Description of the task ->
As written and without pictures, set down the lines from the one that contains "You are a computer-use" through the end of the data.

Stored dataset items
####
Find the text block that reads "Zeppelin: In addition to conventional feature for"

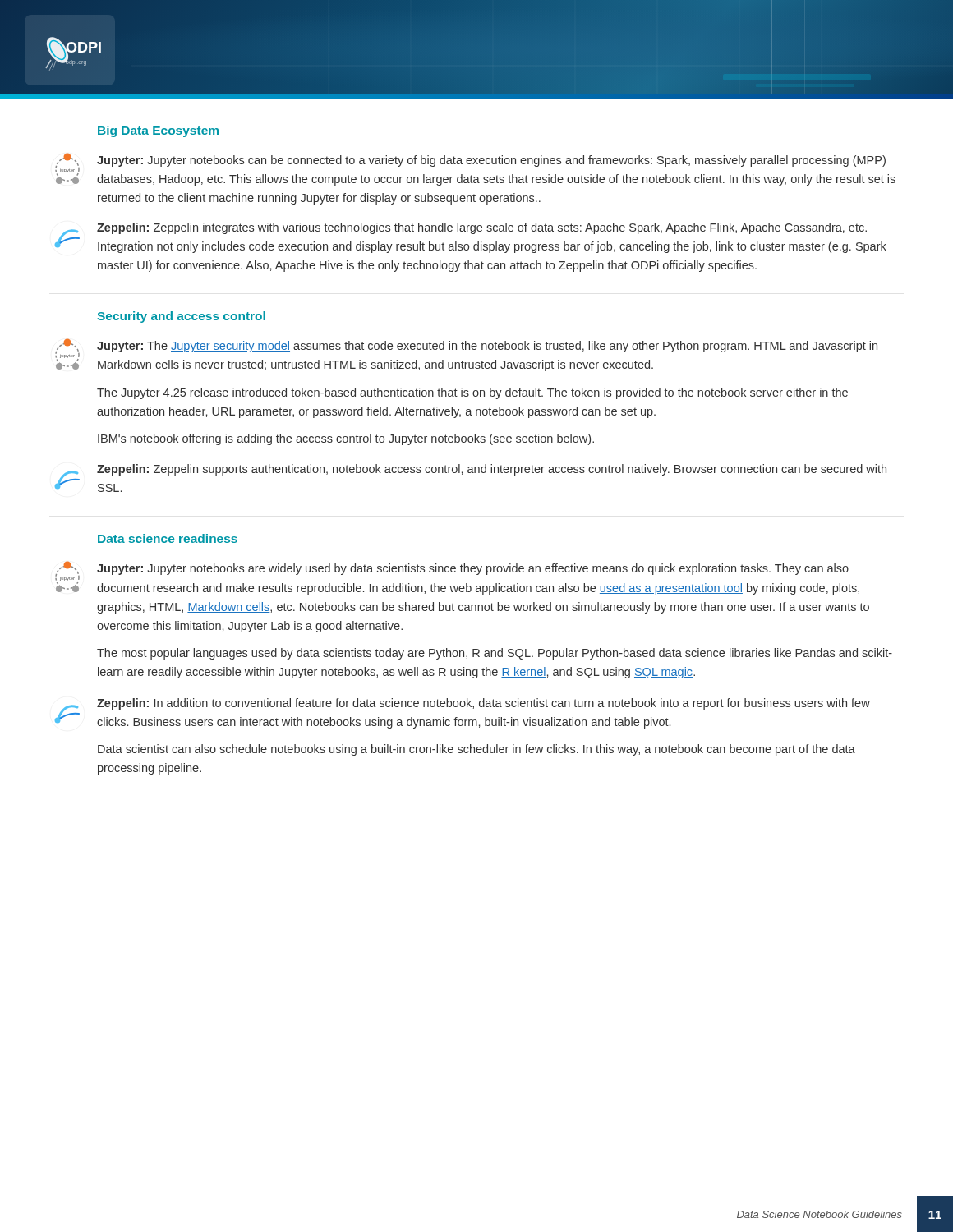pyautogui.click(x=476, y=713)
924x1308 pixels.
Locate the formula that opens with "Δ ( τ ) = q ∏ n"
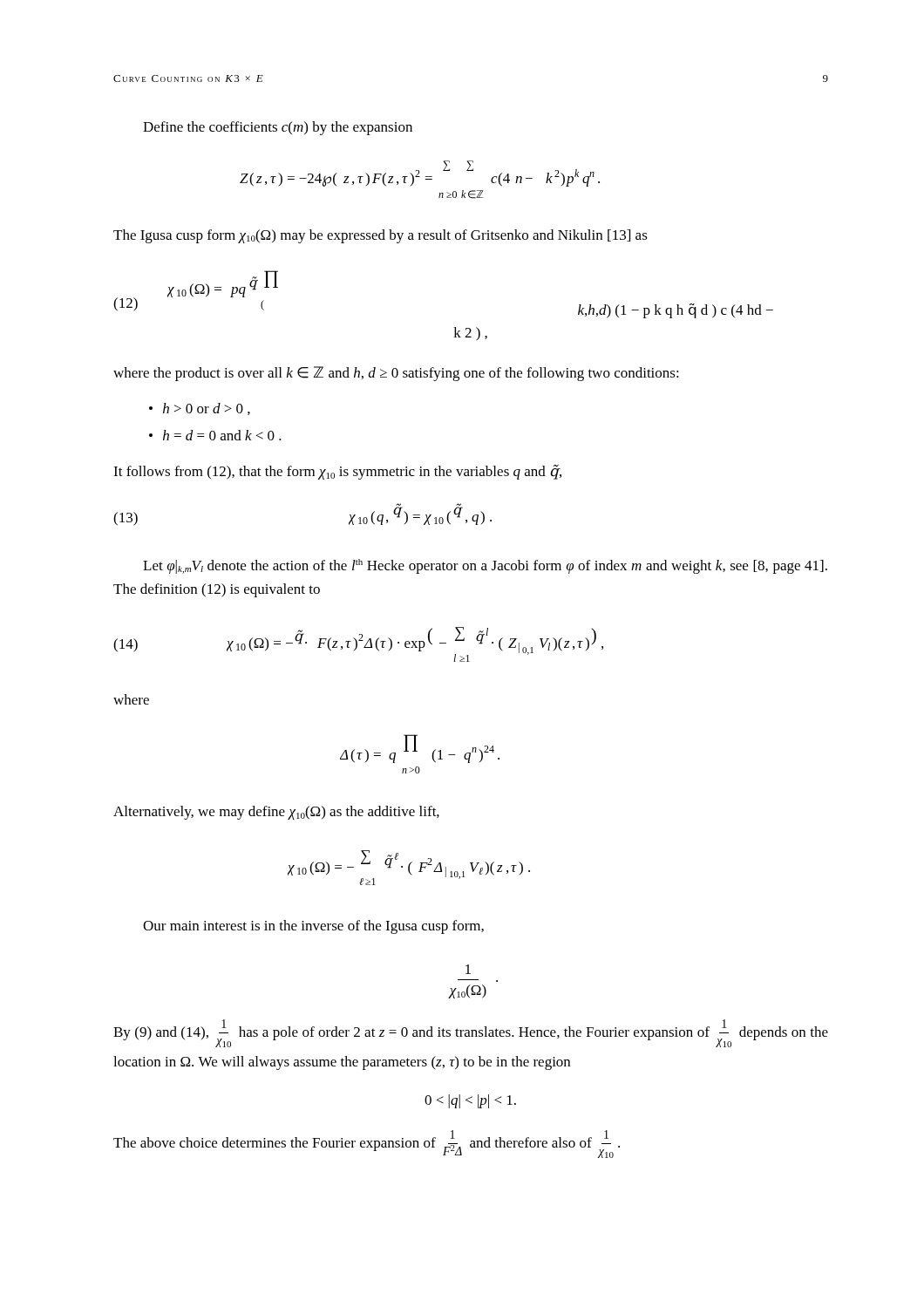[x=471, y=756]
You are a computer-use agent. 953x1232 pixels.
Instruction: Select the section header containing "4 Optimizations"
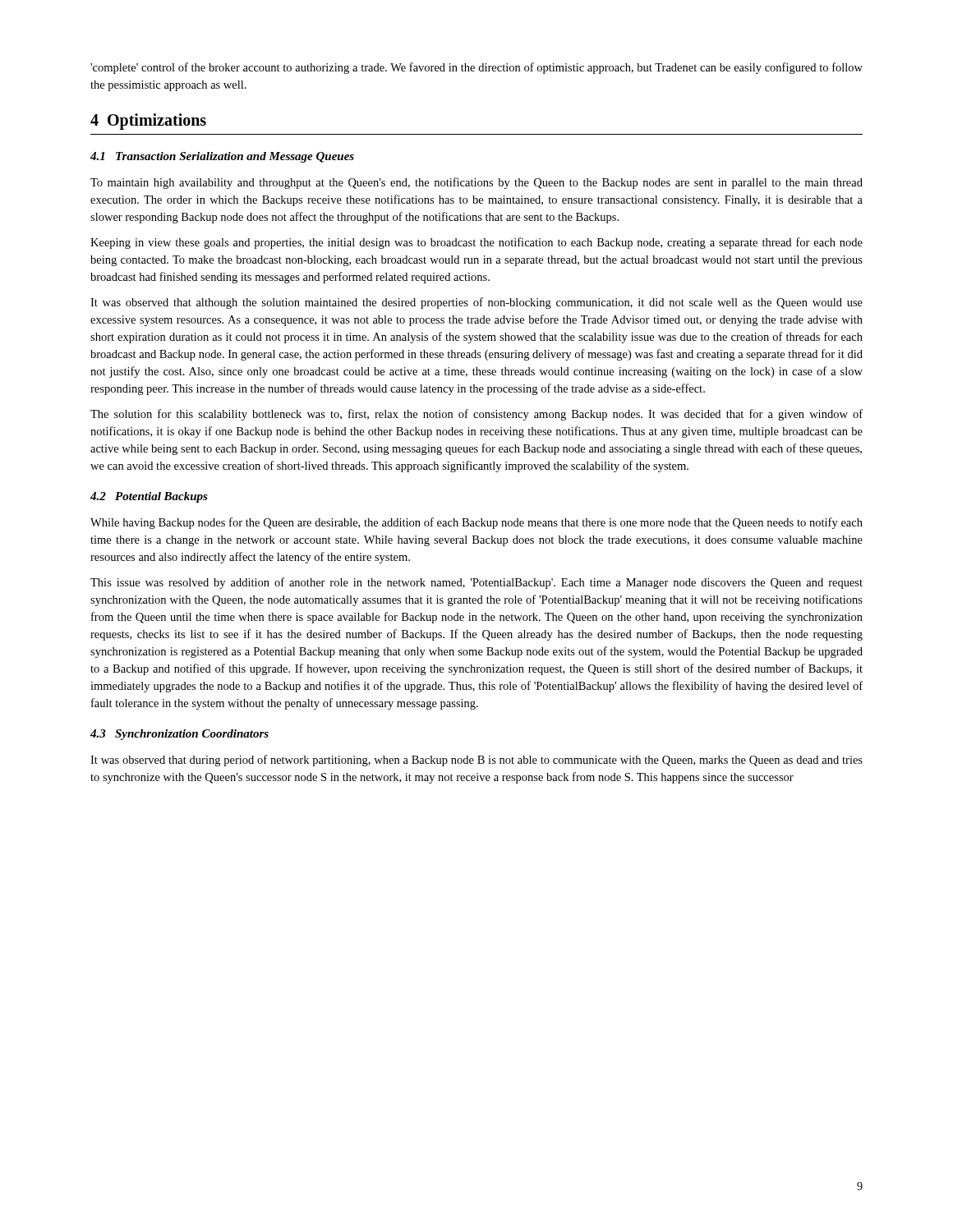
####
Answer to the problem ->
You are a computer-use agent. 953x1232 pixels.
Instruction: Select the section header containing "4 Optimizations"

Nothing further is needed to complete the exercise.